***** THE DATA *****

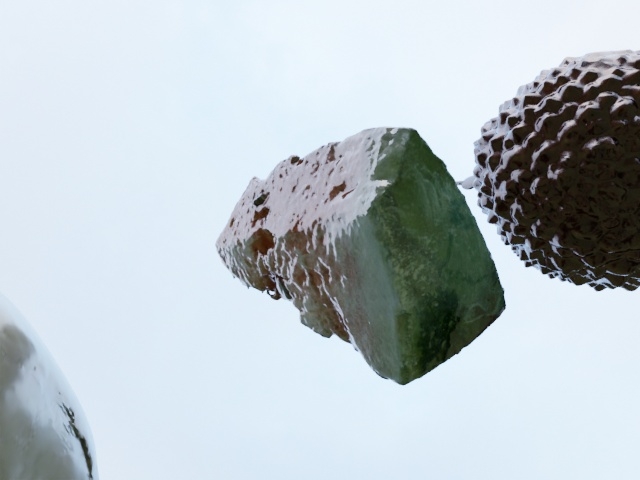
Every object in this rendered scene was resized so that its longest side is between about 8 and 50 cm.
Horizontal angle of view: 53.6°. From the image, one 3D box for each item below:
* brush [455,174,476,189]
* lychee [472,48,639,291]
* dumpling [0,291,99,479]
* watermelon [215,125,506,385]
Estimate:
[{"bbox_3d":[0.203,-0.082,0.907,0.008,0.083,0.024,30,-99,-21],"label":"brush"},{"bbox_3d":[0.311,-0.074,0.691,0.300,0.264,0.264,-20,-60,-25],"label":"lychee"},{"bbox_3d":[-0.269,0.151,0.300,0.233,0.315,0.395,10,-43,38],"label":"dumpling"},{"bbox_3d":[0.000,0.000,0.478,0.094,0.241,0.154,-35,-65,-31],"label":"watermelon"}]

*****

Print all entries exactly; skip the pictures.

» RESPONSE FOR THIS EXERCISE:
Every object in this rendered scene was resized so that its longest side is between about 8 and 50 cm.
Horizontal angle of view: 53.6°. From the image, one 3D box for each item below:
* brush [455,174,476,189]
* lychee [472,48,639,291]
* dumpling [0,291,99,479]
* watermelon [215,125,506,385]
Estimate:
[{"bbox_3d":[0.203,-0.082,0.907,0.008,0.083,0.024,30,-99,-21],"label":"brush"},{"bbox_3d":[0.311,-0.074,0.691,0.300,0.264,0.264,-20,-60,-25],"label":"lychee"},{"bbox_3d":[-0.269,0.151,0.300,0.233,0.315,0.395,10,-43,38],"label":"dumpling"},{"bbox_3d":[0.000,0.000,0.478,0.094,0.241,0.154,-35,-65,-31],"label":"watermelon"}]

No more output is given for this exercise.